Showing 1-5 of 20 (next | show all)
This book was extremely relevant for me, though our degrees of separation are at different scales: I am a 32-year-old, married, full-time professional, who is getting ready to pursue my PhD in English soon (in my "free" time). And I often daydream about going back and taking old survey courses now that I've got more experience and so on. So, I lapped this book up, sentence by sentence, living vicariously through Denby. Alas--halfway through I became a bit bored. But, overall, Denby keeps it interesting by weaving some crucial arguments from the humanities into the criticism/journal/log in the form of interludes.

Two sentence only I underlined, and, taken together, they are my main extraction from the book.


In the face of hostility from outside, and incomprehension from within the country, it is tempting for those of us who love classic texts to turn in on ourselves, to assemble Western values around us, and to withdraw into a kind of fortress (3).

In American a grown man or woman reading at home during the day is not a person to be taken seriously (195).


Both, of course, echo the tableau of a solitary reader blocking the world out with a book. But this notion of "blocking the world out" is either true or false based on our reading choices and intentions. Certainly, if I grab most recent pop fiction and sit around reading it, I am indeed attempting to achieve cathartic reprieve from the world outside. And, honestly, I could do the same with the Western classics. But, when I choose to really read (and re-read, in the Nabokovian sense) and to question and to challenge great books, I am in fact not blocking out the world but attempting to understand it.

Yet there is always the danger of preferring even the great books to our fellow humans!

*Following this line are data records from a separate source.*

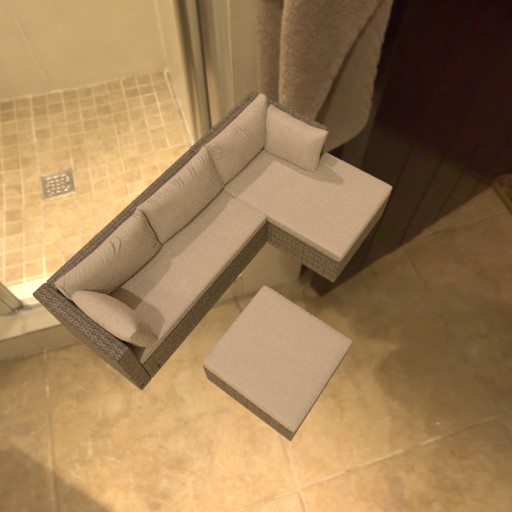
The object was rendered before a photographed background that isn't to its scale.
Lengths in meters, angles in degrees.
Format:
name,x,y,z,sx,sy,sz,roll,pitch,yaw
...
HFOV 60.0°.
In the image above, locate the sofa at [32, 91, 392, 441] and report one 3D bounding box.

While I cannot say this book presents a convincing argument for why everyone should devote time and effort to absorbing the great books, it was still an enjoyable read for a person like me--someone who sensed a kindred spirit in Denby. And it has me thinking about how to better answer the why-read-great-books question. ( )
  chrisvia | Apr 29, 2021 |
Great Books is Denby’s personal reassessment of the great thinkers and philosophers in the western canon from a mature age. It’s enlightening for those of us interested in intellectual thought. However, he frequently refers to technologies, events and people from the early nineties that are obsolete, dated, or who have completely disappeared from popular awareness. A revision that removed references that don’t stand the test of time would be in order. They are distracting and make one think of what a quaint little, self-absorbed time the pre-911 era was. ( )
  varielle | Mar 23, 2021 |
NA
  pszolovits | Feb 3, 2021 |
David Denby, a film critic, decides to go back to school and take some courses that he took in 1961-1962 at Columbia University in New York City. As he reads through the "Western Canon" as it is called, he recalls events of his life and re-examines ideals that he held as a young man. Of course he compares them to his own current state, since he has nothing else to go on, and feels disgust for his old self in some cases. In other cases he finds new authors and entertains novel ideas. They changed the syllabus in the time that he had not been there, since women and blacks and latinos and asians were now allowed in the halls of Columbia. Some of them were angry about being fed a diet of Western ideals and culture. For instance, one woman is upset that she must listen to Mozart of all things. So the author ruminates on this and other things and comes to the conclusion that she wanted more of what she was used to, which might have been gangsta rap or bebop for all we know.

Anyway, we go over the stories, novels and works that are covered in this class from 1991 or so and Denby is 48 at the time, giving an interesting contrast to the young men and women that took the class as freshmen.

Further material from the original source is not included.